* [Work task]
When the line with "materials: paper" appears below, start repeating lines exactly, and keep going through the line with "description: Twee rechthoekige"; add nothing outside that span.

↓

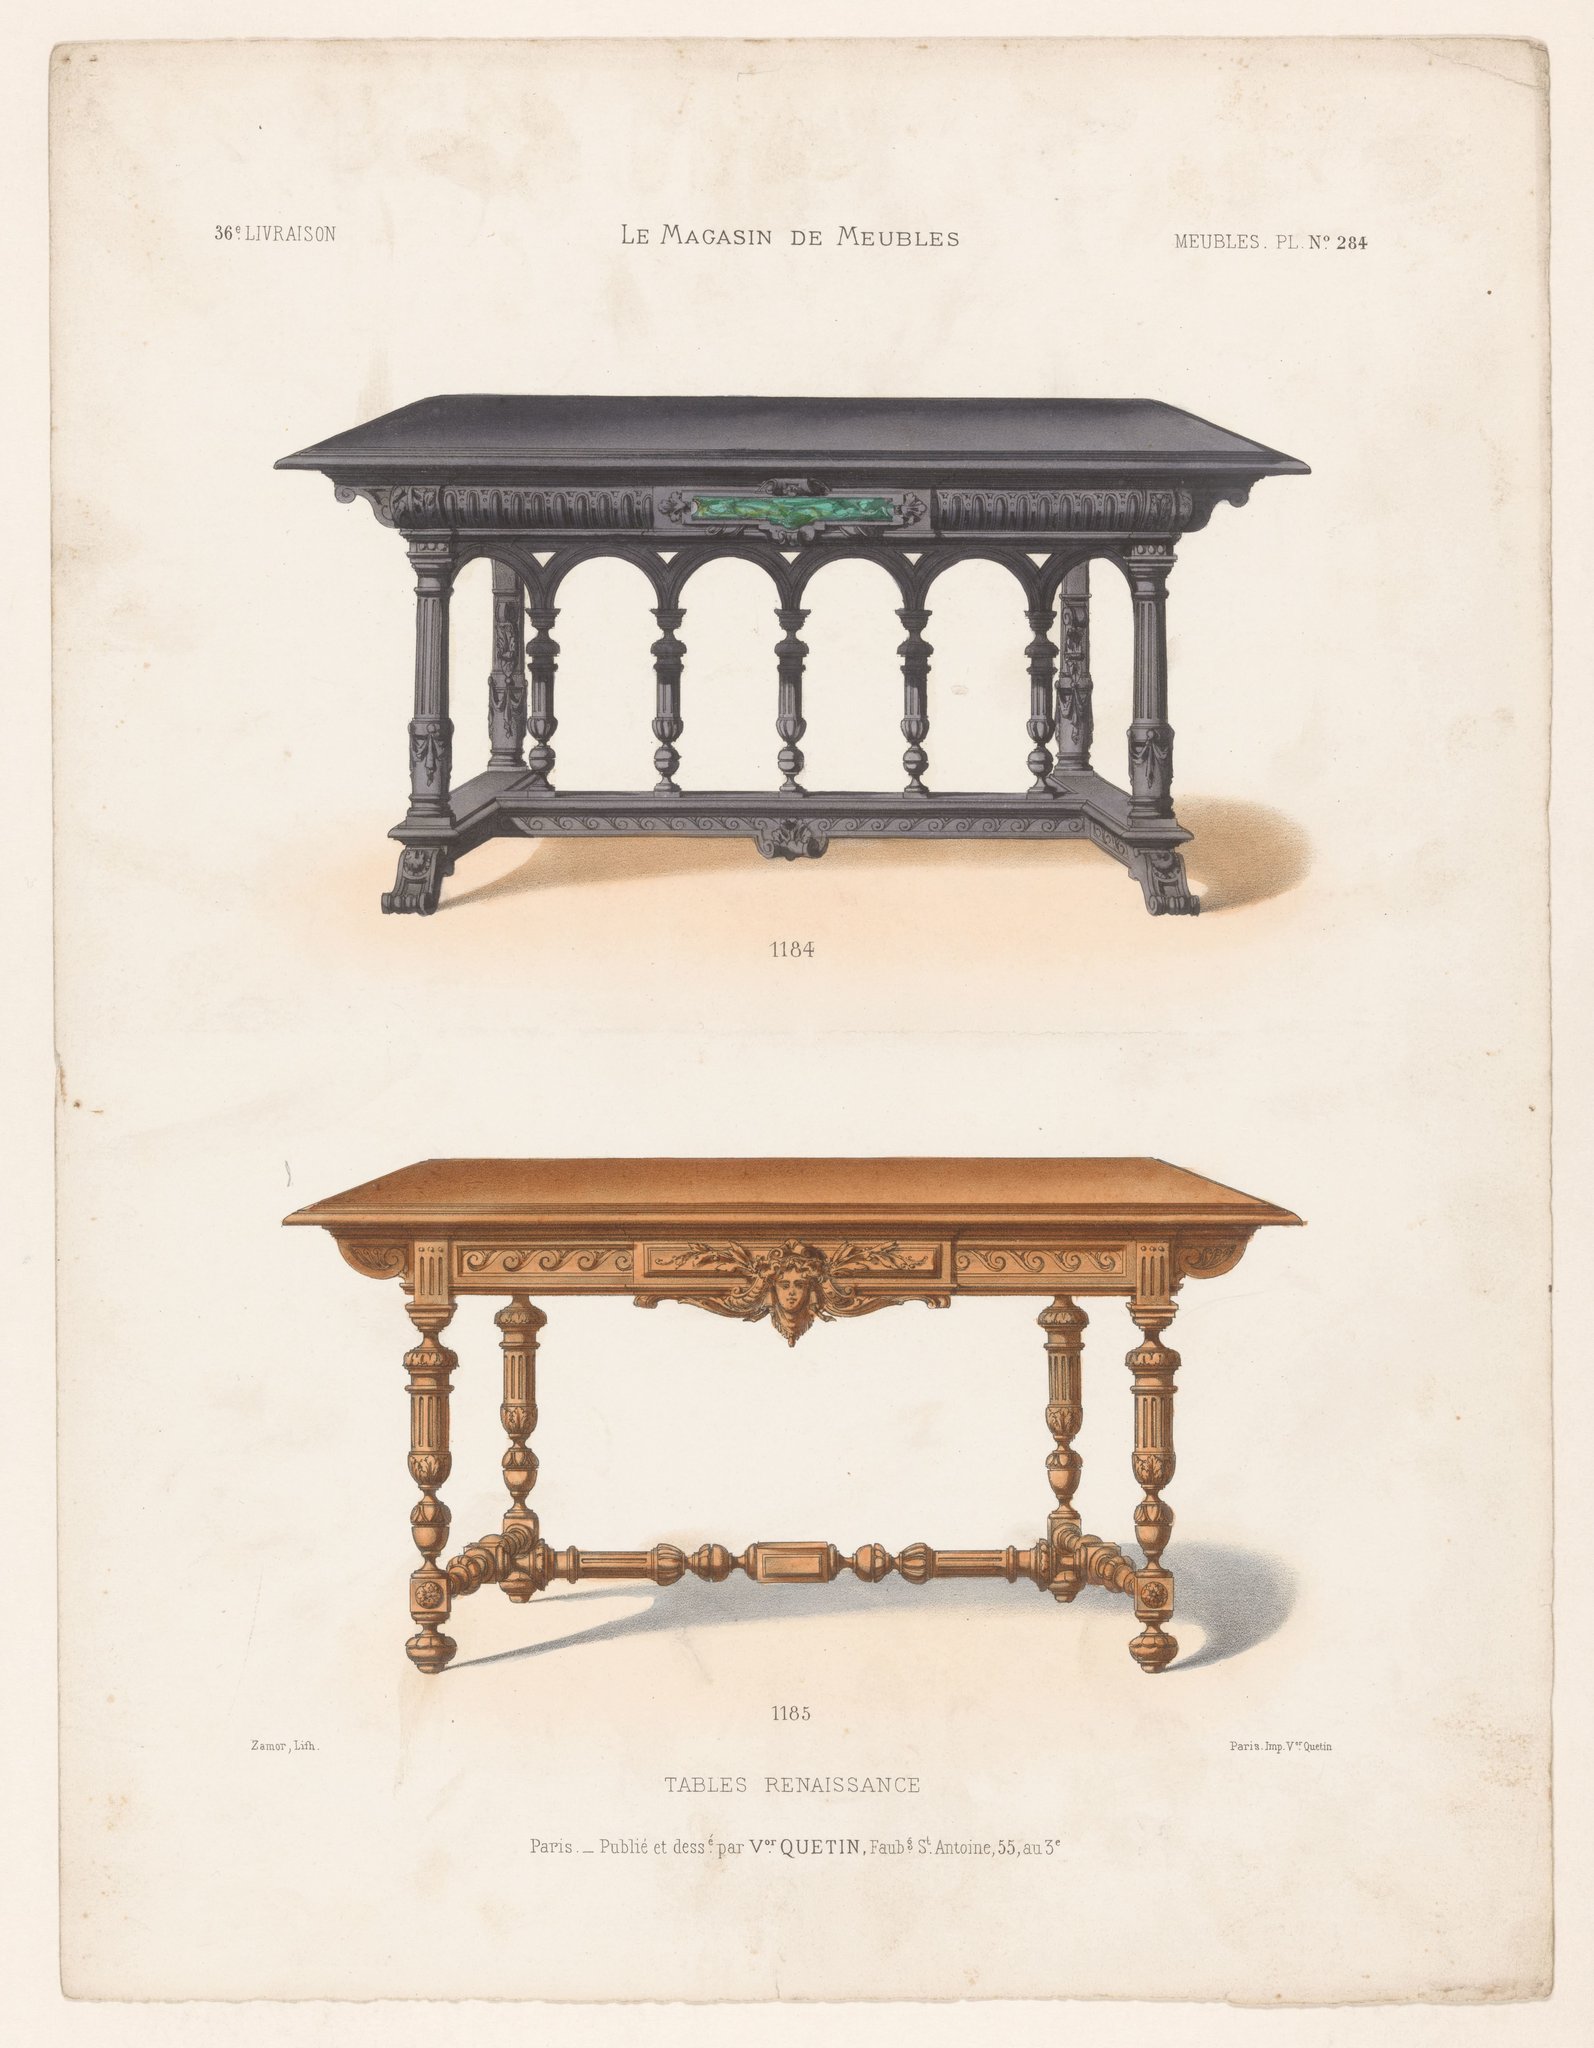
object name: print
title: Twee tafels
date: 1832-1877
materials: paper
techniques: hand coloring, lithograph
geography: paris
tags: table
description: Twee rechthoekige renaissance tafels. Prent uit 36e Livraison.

↑
↓

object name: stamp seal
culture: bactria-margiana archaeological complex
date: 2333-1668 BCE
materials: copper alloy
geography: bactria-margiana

↑

* [Result for this task]
materials: paper
techniques: hand coloring, lithograph
geography: paris
tags: table
description: Twee rechthoekige renaissance tafels. Prent uit 36e Livraison.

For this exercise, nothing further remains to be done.